Problem details:
For this exercise, copy exactly every line from the one holding "Tap on the icon" through the end of the data, both included. Omit pictures.

(Collected data entries)
● ● ● ● ●

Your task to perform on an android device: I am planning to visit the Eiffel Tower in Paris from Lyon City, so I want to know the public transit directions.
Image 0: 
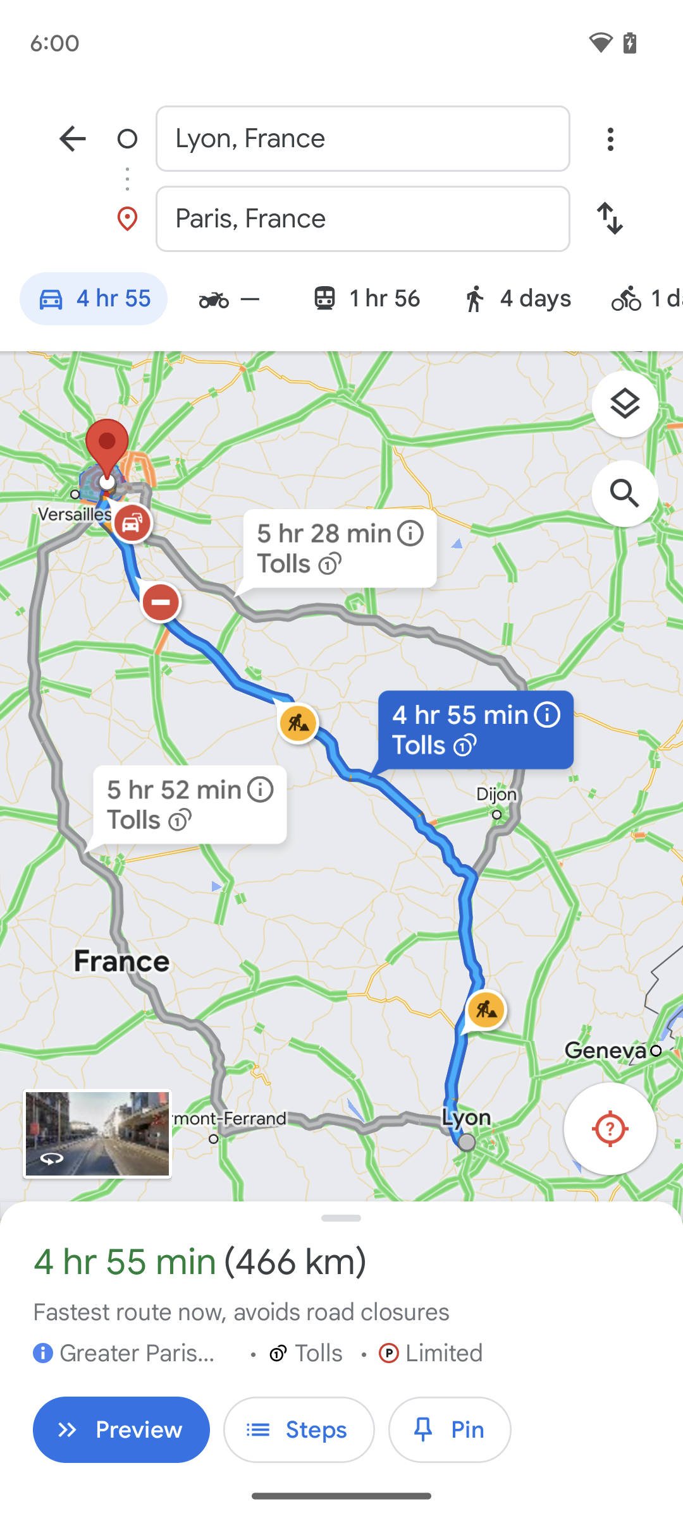
Tap on the icon present at the top of the search icon.
Step 0: click (634, 411)
Image 1: 
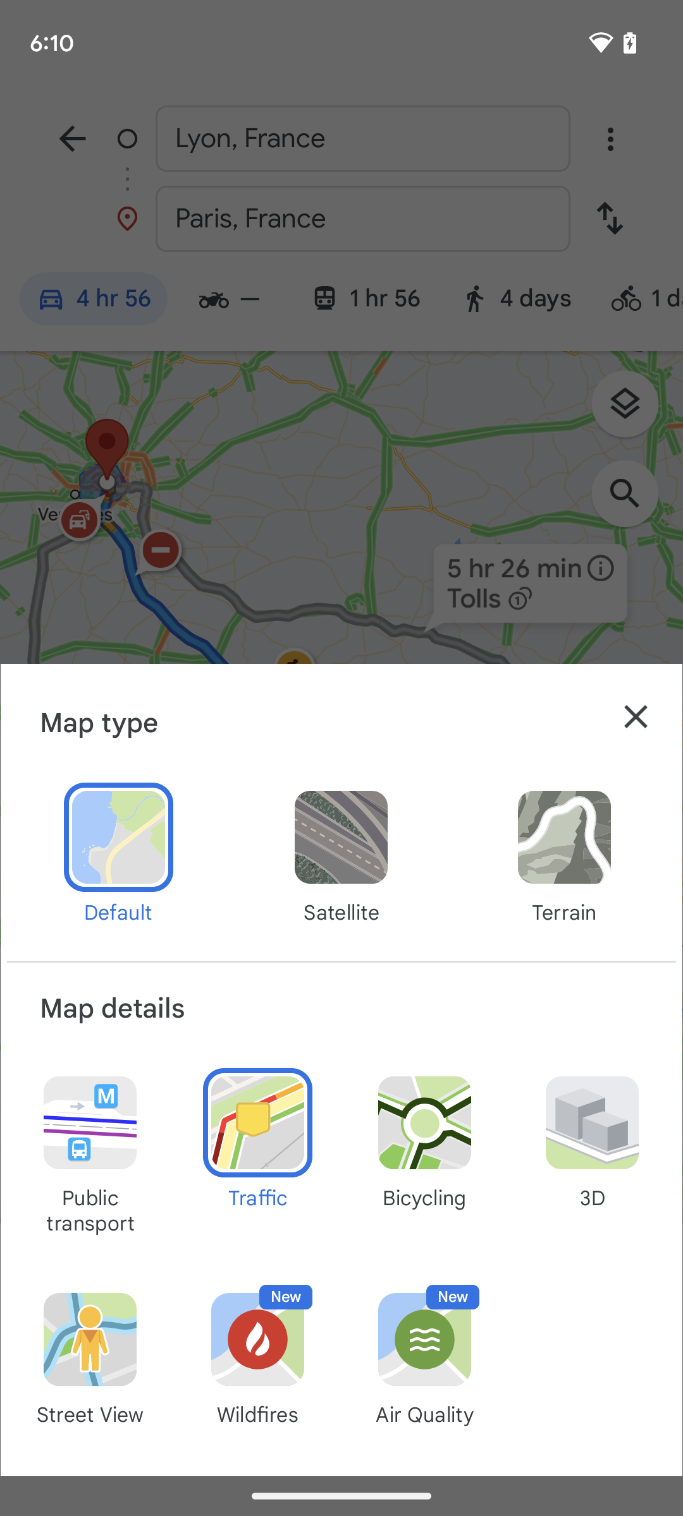
Tap on public transport present on the screen.
Step 1: click (90, 1153)
Image 2: 
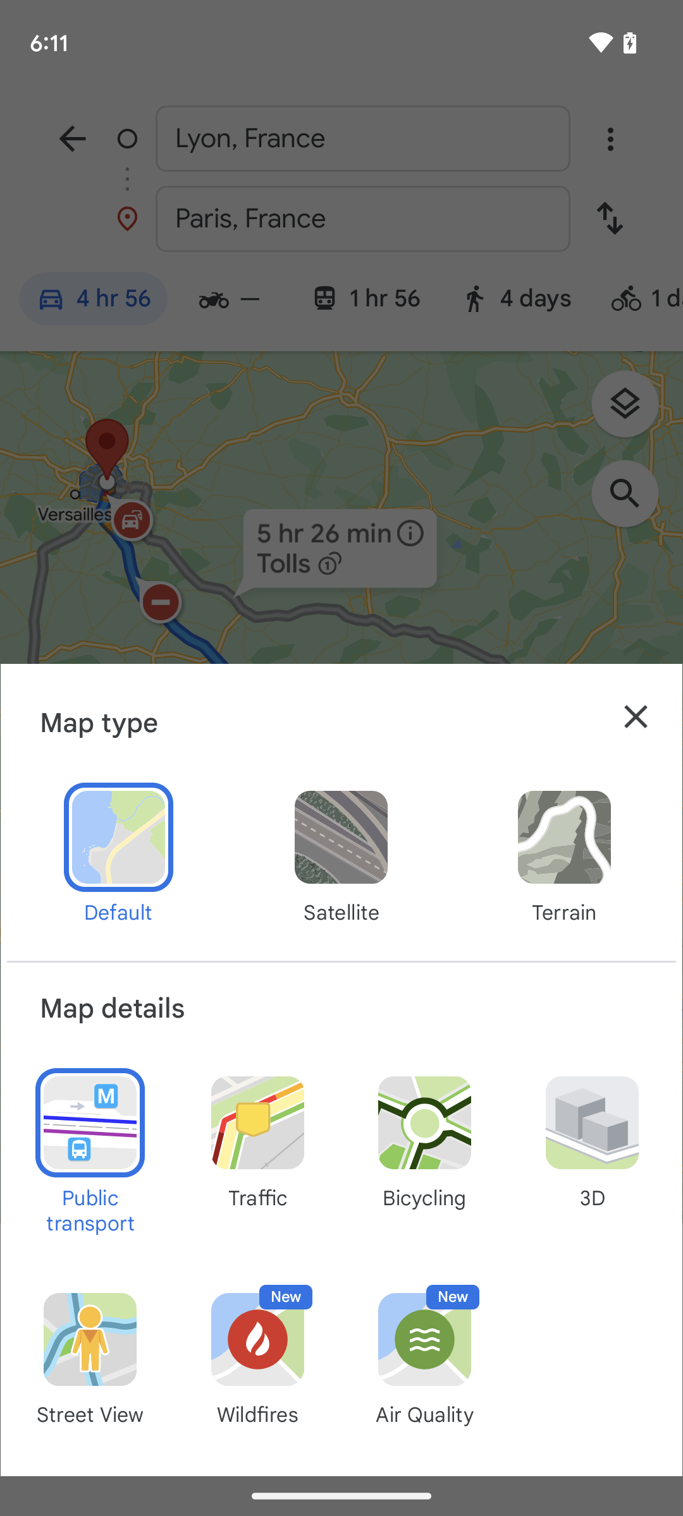
Tap on public transport present on the screen.
Step 2: wait

● ● ● ● ●

Result for this task:
Tap on the icon present at the top of the search icon.
Step 0: click (634, 411)
Image 1: 
Tap on public transport present on the screen.
Step 1: click (90, 1153)
Image 2: 
Tap on public transport present on the screen.
Step 2: wait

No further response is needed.